Give the records below again, exactly as they appear.
(Records for this exercise begins)
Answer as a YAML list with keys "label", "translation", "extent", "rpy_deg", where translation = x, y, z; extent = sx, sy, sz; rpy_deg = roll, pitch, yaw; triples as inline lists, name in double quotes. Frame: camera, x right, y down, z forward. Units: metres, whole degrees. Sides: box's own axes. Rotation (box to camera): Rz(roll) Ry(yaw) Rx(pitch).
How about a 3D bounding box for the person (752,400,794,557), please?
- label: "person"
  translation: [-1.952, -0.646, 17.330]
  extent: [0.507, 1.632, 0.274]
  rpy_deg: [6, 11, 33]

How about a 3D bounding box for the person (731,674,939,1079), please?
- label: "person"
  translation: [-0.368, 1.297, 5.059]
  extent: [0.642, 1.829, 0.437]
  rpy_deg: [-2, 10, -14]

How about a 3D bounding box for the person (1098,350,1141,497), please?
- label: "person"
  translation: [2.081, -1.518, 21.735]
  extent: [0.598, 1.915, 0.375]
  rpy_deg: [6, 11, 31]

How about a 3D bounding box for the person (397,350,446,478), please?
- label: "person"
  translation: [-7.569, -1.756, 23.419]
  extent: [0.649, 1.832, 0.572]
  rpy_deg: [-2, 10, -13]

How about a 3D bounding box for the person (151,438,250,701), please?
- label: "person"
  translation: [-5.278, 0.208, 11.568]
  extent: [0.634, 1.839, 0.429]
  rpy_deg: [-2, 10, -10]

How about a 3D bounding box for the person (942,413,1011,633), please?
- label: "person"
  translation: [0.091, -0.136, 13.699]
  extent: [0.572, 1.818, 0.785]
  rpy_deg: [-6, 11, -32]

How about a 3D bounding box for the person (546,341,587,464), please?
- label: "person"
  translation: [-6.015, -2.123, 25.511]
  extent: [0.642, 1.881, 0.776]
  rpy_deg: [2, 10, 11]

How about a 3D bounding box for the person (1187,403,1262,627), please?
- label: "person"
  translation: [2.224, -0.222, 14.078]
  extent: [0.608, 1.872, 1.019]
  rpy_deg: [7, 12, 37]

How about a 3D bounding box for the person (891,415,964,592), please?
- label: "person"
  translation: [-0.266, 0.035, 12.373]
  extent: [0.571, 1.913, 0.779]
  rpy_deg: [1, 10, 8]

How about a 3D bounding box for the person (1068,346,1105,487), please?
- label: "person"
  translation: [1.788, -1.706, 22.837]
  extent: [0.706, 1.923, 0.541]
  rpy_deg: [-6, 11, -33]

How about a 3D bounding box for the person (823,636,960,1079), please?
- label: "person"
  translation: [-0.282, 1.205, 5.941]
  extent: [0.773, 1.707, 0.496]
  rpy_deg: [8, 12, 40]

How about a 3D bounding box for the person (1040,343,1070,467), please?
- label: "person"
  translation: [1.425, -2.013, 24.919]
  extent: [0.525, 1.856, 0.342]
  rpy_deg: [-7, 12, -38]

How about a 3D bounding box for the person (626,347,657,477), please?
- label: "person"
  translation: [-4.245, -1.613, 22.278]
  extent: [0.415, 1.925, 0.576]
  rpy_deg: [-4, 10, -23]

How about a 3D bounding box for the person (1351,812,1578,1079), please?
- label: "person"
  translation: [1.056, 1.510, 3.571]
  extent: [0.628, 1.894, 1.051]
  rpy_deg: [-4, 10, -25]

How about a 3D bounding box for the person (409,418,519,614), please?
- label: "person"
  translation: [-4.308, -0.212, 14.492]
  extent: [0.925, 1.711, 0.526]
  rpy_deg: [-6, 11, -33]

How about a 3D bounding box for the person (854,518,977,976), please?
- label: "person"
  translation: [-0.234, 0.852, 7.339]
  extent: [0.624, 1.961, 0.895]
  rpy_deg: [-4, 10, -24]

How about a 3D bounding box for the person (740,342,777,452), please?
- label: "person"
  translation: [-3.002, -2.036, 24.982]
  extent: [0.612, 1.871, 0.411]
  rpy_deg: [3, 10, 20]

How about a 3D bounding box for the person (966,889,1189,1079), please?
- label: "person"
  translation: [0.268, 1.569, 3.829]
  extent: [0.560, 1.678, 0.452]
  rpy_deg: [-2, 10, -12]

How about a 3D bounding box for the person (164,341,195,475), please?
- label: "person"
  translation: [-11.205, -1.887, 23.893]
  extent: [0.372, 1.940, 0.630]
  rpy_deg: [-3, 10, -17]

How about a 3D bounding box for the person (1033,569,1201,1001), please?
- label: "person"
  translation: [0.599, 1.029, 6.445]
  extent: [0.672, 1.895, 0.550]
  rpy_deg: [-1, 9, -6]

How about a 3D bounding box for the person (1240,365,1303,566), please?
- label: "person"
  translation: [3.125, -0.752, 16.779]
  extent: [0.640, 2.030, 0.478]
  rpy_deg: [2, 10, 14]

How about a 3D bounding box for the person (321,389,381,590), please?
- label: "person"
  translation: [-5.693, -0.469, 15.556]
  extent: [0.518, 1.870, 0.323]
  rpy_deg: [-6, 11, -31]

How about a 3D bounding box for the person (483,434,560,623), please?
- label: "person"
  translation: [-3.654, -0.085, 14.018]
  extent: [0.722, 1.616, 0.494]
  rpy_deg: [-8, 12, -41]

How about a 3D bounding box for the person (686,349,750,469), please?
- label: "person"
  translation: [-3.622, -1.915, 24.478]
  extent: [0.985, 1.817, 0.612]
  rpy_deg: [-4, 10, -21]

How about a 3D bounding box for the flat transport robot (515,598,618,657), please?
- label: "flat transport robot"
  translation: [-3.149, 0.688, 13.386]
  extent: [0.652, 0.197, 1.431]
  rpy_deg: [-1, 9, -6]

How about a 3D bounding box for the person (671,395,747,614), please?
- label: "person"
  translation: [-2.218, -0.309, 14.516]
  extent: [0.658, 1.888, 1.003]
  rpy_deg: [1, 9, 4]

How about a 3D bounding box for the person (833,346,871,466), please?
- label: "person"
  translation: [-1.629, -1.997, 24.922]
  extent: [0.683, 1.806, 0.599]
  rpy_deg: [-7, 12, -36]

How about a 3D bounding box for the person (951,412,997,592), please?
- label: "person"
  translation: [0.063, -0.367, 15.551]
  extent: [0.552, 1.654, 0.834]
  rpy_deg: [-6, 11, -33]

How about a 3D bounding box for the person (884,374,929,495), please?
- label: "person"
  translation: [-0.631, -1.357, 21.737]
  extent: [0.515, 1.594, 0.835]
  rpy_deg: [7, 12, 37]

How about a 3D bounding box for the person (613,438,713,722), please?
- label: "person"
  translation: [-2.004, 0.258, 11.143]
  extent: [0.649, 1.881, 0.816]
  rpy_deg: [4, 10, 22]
(Records for this exercise ends)
◆ Solution for this exercise:
Answer as a YAML list with keys "label", "translation", "extent", "rpy_deg", where translation = x, y, z; extent = sx, sy, sz; rpy_deg = roll, pitch, yaw; triples as inline lists, name in double quotes. Frame: camera, x right, y down, z forward. Units: metres, whole degrees. Sides: box's own axes. Rotation (box to camera): Rz(roll) Ry(yaw) Rx(pitch).
How about a 3D bounding box for the person (752,400,794,557), please?
- label: "person"
  translation: [-1.952, -0.646, 17.330]
  extent: [0.507, 1.632, 0.274]
  rpy_deg: [6, 11, 33]

How about a 3D bounding box for the person (731,674,939,1079), please?
- label: "person"
  translation: [-0.368, 1.297, 5.059]
  extent: [0.642, 1.829, 0.437]
  rpy_deg: [-2, 10, -14]

How about a 3D bounding box for the person (1098,350,1141,497), please?
- label: "person"
  translation: [2.081, -1.518, 21.735]
  extent: [0.598, 1.915, 0.375]
  rpy_deg: [6, 11, 31]

How about a 3D bounding box for the person (397,350,446,478), please?
- label: "person"
  translation: [-7.569, -1.756, 23.419]
  extent: [0.649, 1.832, 0.572]
  rpy_deg: [-2, 10, -13]

How about a 3D bounding box for the person (151,438,250,701), please?
- label: "person"
  translation: [-5.278, 0.208, 11.568]
  extent: [0.634, 1.839, 0.429]
  rpy_deg: [-2, 10, -10]

How about a 3D bounding box for the person (942,413,1011,633), please?
- label: "person"
  translation: [0.091, -0.136, 13.699]
  extent: [0.572, 1.818, 0.785]
  rpy_deg: [-6, 11, -32]

How about a 3D bounding box for the person (546,341,587,464), please?
- label: "person"
  translation: [-6.015, -2.123, 25.511]
  extent: [0.642, 1.881, 0.776]
  rpy_deg: [2, 10, 11]

How about a 3D bounding box for the person (1187,403,1262,627), please?
- label: "person"
  translation: [2.224, -0.222, 14.078]
  extent: [0.608, 1.872, 1.019]
  rpy_deg: [7, 12, 37]

How about a 3D bounding box for the person (891,415,964,592), please?
- label: "person"
  translation: [-0.266, 0.035, 12.373]
  extent: [0.571, 1.913, 0.779]
  rpy_deg: [1, 10, 8]

How about a 3D bounding box for the person (1068,346,1105,487), please?
- label: "person"
  translation: [1.788, -1.706, 22.837]
  extent: [0.706, 1.923, 0.541]
  rpy_deg: [-6, 11, -33]

How about a 3D bounding box for the person (823,636,960,1079), please?
- label: "person"
  translation: [-0.282, 1.205, 5.941]
  extent: [0.773, 1.707, 0.496]
  rpy_deg: [8, 12, 40]

How about a 3D bounding box for the person (1040,343,1070,467), please?
- label: "person"
  translation: [1.425, -2.013, 24.919]
  extent: [0.525, 1.856, 0.342]
  rpy_deg: [-7, 12, -38]

How about a 3D bounding box for the person (626,347,657,477), please?
- label: "person"
  translation: [-4.245, -1.613, 22.278]
  extent: [0.415, 1.925, 0.576]
  rpy_deg: [-4, 10, -23]

How about a 3D bounding box for the person (1351,812,1578,1079), please?
- label: "person"
  translation: [1.056, 1.510, 3.571]
  extent: [0.628, 1.894, 1.051]
  rpy_deg: [-4, 10, -25]

How about a 3D bounding box for the person (409,418,519,614), please?
- label: "person"
  translation: [-4.308, -0.212, 14.492]
  extent: [0.925, 1.711, 0.526]
  rpy_deg: [-6, 11, -33]

How about a 3D bounding box for the person (854,518,977,976), please?
- label: "person"
  translation: [-0.234, 0.852, 7.339]
  extent: [0.624, 1.961, 0.895]
  rpy_deg: [-4, 10, -24]

How about a 3D bounding box for the person (740,342,777,452), please?
- label: "person"
  translation: [-3.002, -2.036, 24.982]
  extent: [0.612, 1.871, 0.411]
  rpy_deg: [3, 10, 20]

How about a 3D bounding box for the person (966,889,1189,1079), please?
- label: "person"
  translation: [0.268, 1.569, 3.829]
  extent: [0.560, 1.678, 0.452]
  rpy_deg: [-2, 10, -12]

How about a 3D bounding box for the person (164,341,195,475), please?
- label: "person"
  translation: [-11.205, -1.887, 23.893]
  extent: [0.372, 1.940, 0.630]
  rpy_deg: [-3, 10, -17]

How about a 3D bounding box for the person (1033,569,1201,1001), please?
- label: "person"
  translation: [0.599, 1.029, 6.445]
  extent: [0.672, 1.895, 0.550]
  rpy_deg: [-1, 9, -6]

How about a 3D bounding box for the person (1240,365,1303,566), please?
- label: "person"
  translation: [3.125, -0.752, 16.779]
  extent: [0.640, 2.030, 0.478]
  rpy_deg: [2, 10, 14]

How about a 3D bounding box for the person (321,389,381,590), please?
- label: "person"
  translation: [-5.693, -0.469, 15.556]
  extent: [0.518, 1.870, 0.323]
  rpy_deg: [-6, 11, -31]

How about a 3D bounding box for the person (483,434,560,623), please?
- label: "person"
  translation: [-3.654, -0.085, 14.018]
  extent: [0.722, 1.616, 0.494]
  rpy_deg: [-8, 12, -41]

How about a 3D bounding box for the person (686,349,750,469), please?
- label: "person"
  translation: [-3.622, -1.915, 24.478]
  extent: [0.985, 1.817, 0.612]
  rpy_deg: [-4, 10, -21]

How about a 3D bounding box for the flat transport robot (515,598,618,657), please?
- label: "flat transport robot"
  translation: [-3.149, 0.688, 13.386]
  extent: [0.652, 0.197, 1.431]
  rpy_deg: [-1, 9, -6]

How about a 3D bounding box for the person (671,395,747,614), please?
- label: "person"
  translation: [-2.218, -0.309, 14.516]
  extent: [0.658, 1.888, 1.003]
  rpy_deg: [1, 9, 4]

How about a 3D bounding box for the person (833,346,871,466), please?
- label: "person"
  translation: [-1.629, -1.997, 24.922]
  extent: [0.683, 1.806, 0.599]
  rpy_deg: [-7, 12, -36]

How about a 3D bounding box for the person (951,412,997,592), please?
- label: "person"
  translation: [0.063, -0.367, 15.551]
  extent: [0.552, 1.654, 0.834]
  rpy_deg: [-6, 11, -33]

How about a 3D bounding box for the person (884,374,929,495), please?
- label: "person"
  translation: [-0.631, -1.357, 21.737]
  extent: [0.515, 1.594, 0.835]
  rpy_deg: [7, 12, 37]

How about a 3D bounding box for the person (613,438,713,722), please?
- label: "person"
  translation: [-2.004, 0.258, 11.143]
  extent: [0.649, 1.881, 0.816]
  rpy_deg: [4, 10, 22]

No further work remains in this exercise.